Dans les années 1700, les premières notions de modération de la consommation d’alcool et de réduction de risque apparaissent. Celles-ci seront vite abandonnées avec l’apparition des mouvements de « tempérance » (Temperence Movement) ou des Alcoholics Anonymous (AA) en 1930 qui affichent clairement la nécessité de l’abstinence.
Ces mouvements, expliquent les auteurs, auront une influence importante dans la conception moderne du recovery. Au milieu du 20ème siècle, Jellinek soutient l’idée que l’alcoolisme est une maladie évolutive et chronique. Glatt, alors, développera l’idée de réhabilitation et de la guérison par l’application d’un programme fortement inspiré par les principes des AA. C’est dans les années 1970 que le psychiatre M. Pattison et les psychologues M. et L. Sobell introduisent la notion de comportement dans la pathologie liée à l’alcoolisme. Ainsi apparaît la notion d’une globalité de l’addiction à l’alcool, avec des conséquences somatiques, psychologiques et sociales. Ces auteurs ne prônent pas l’idée de l’abstinence, mais beaucoup plus d’un équilibre.
Les définitions récentes du recovery vont insister sur l’importance d’un bien être dans ces différents rôles (fonctionnel et global). C’est en 2017 que lors d’un congrès organisé par la Recovery Science Research Collaborative, la définition a été établie comme « un processus individuel, intentionnel, dynamique, relationnel engageant des efforts soutenus pour améliorer son bien-être ».
Il est intéressant de noter qu’il n’est pas fait mention de changements concernant la consommation d’alcool, ou/et l’abstinence.
On pourrait s’étonner de l’absence d’indication à ce sujet, mais les observations empiriques montrent que spontanément, afin d’améliorer leur bien-être, les patients vont diminuer ou même arrêter leur consommation d’alcool, au regard de leur constatation de la chronicité du trouble, et de la chronicisation des rechutes.
Ce qui est intéressant d’observer, c’est que le prisme d’observation par le concept de recovery de la pathologie addictive permet de distinguer des facteurs prédictifs d’évolution vers le bien-être (comme la minimisation des problèmes, épisode de fortes consommations, …).
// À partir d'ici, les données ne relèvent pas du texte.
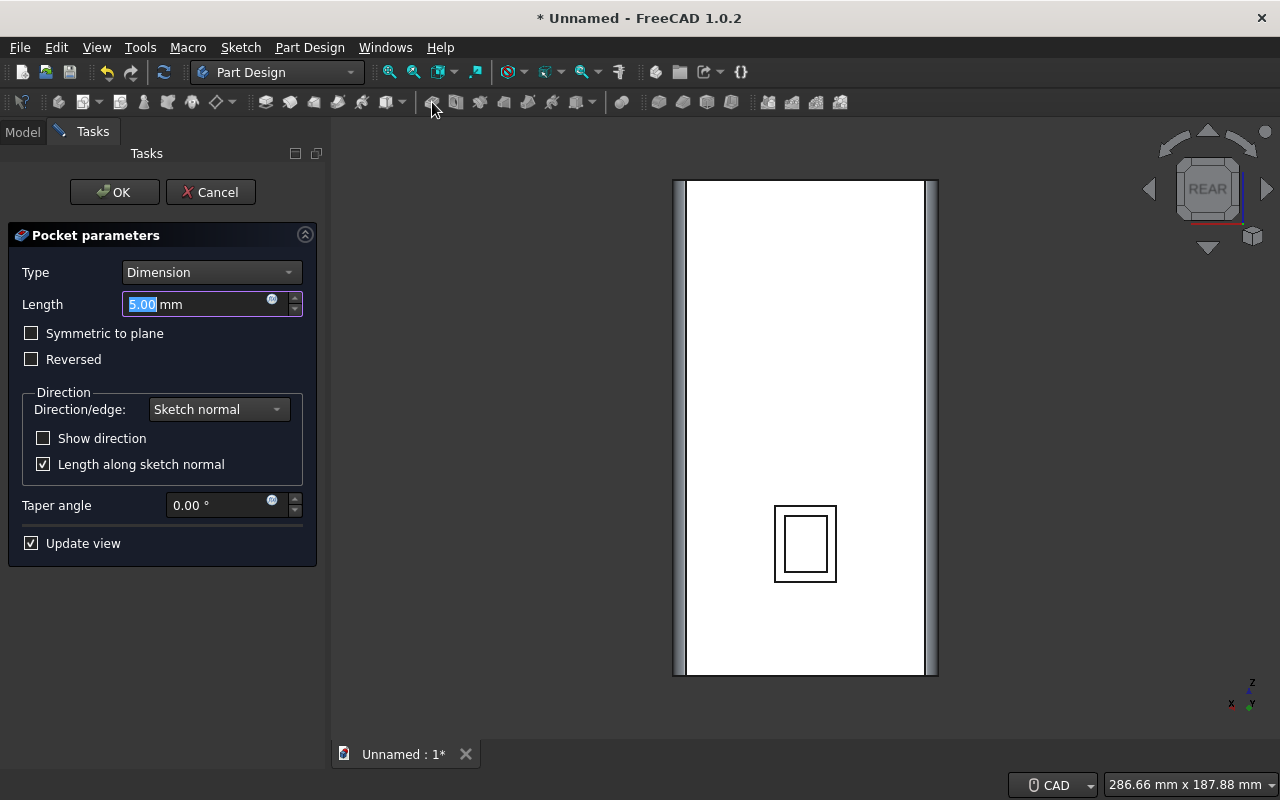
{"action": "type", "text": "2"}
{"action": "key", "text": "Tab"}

Les auteurs rapportent qu’ainsi dans une étude récente de Kaskutas et al. portant sur 9341 sujets, 47 facteurs de recovery, parmi lesquels on retrouve l’abstinence, les principes du recovery, l’enrichissement personnel, le développement par le recovery, et la spiritualité.
Référence : Elements That Define Recovery: The Experiential Perspective, Lee Ann Kaskutas, Dr.Ph., Thomasina J Borkman, Ph.D., Alexandre Laudet, Ph.D., Lois A Ritter, Ed.D., Jane Witbrodt, Ph.D., Meenakshi Sabina Subbaraman, Ph.D., Aina Stunz, B.A., and Jason Bond, Ph.D., J Stud Alcohol Drugs. 2014 Nov; 75(6): 999–1010. doi: 10.15288/jsad.2014.75.999
D’autres équipes ont défini d’autres critères (Etude SURE). La définition du recovery devient donc un processus de changement du comportement caractérisé par l’amélioration du fonctionnement bio psycho social et de la poursuite de la vie. Dans les années récentes, Granfield et Smith ont développé le concept de « capital de recovery », qui varie selon les individus et en fonction du temps. Mais surtout, on s’aperçoit que dans les programmes de soin, en particulier aux Etats Unis, le maintien de l’abstinence est mis en valeur.
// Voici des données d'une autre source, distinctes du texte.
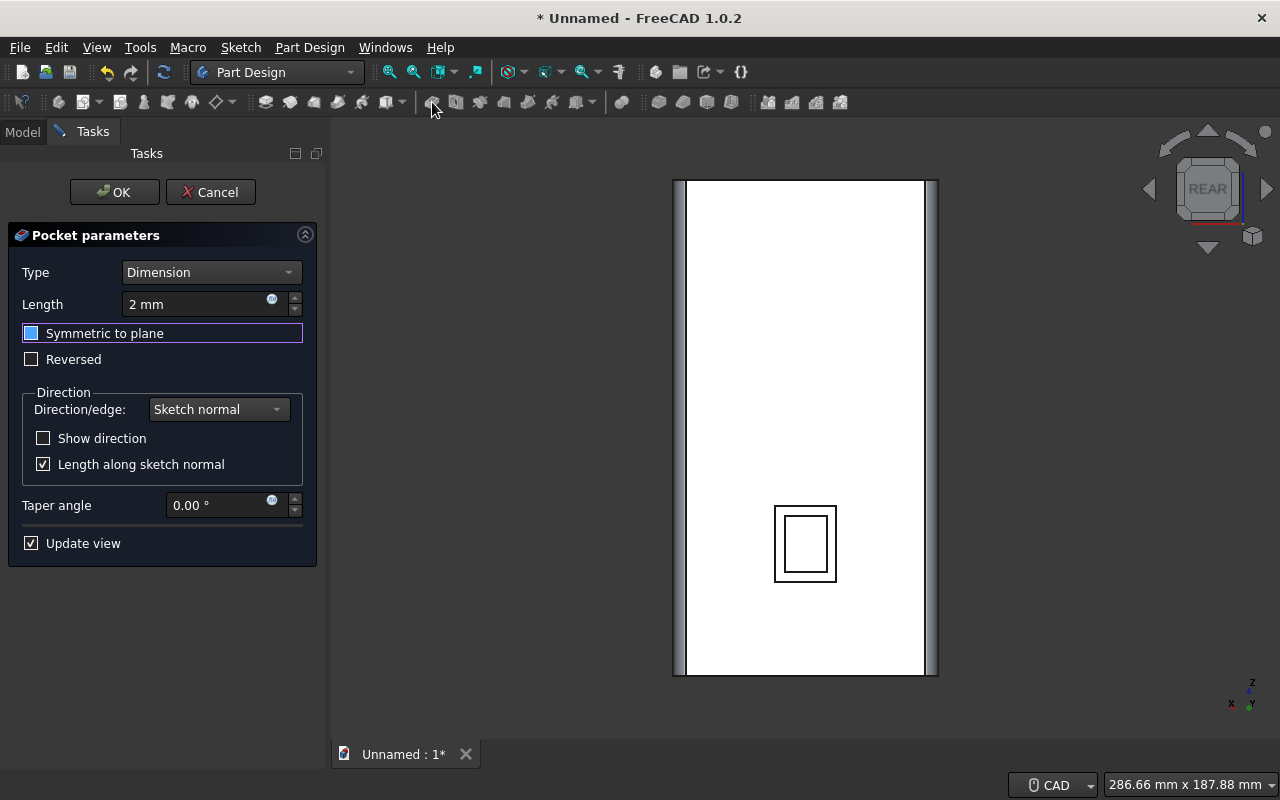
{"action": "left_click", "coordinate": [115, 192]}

Cela n’est pas sans poser un problème au regard même d’un des concepts fondamentaux du recovey, la destigmatisation. En effet, le comportement d’abstinence, d’abstention de consommation d’alcool a une valeur hautement stigmatisante et vient heurter de face un des fondements du recovery. Et de plus insister sur l’abstinence a des conséquences délétères sur la réduction de risques, et donc sur l’espoir qui est là aussi un des concepts fondamentaux du recovery.
Ces tensions dans la définition même du recovery nous montrent que des recherches sont encore nécessaires à la fois dans la définition conceptuelle mais aussi dans la mise à disposition d’outils d’évaluation standardisés, même si certains comme l’échelle de qualité de vie de l’OMS ou celles dispensées par le SURE permettront à l’avenir de mieux définir cette dimension de soin.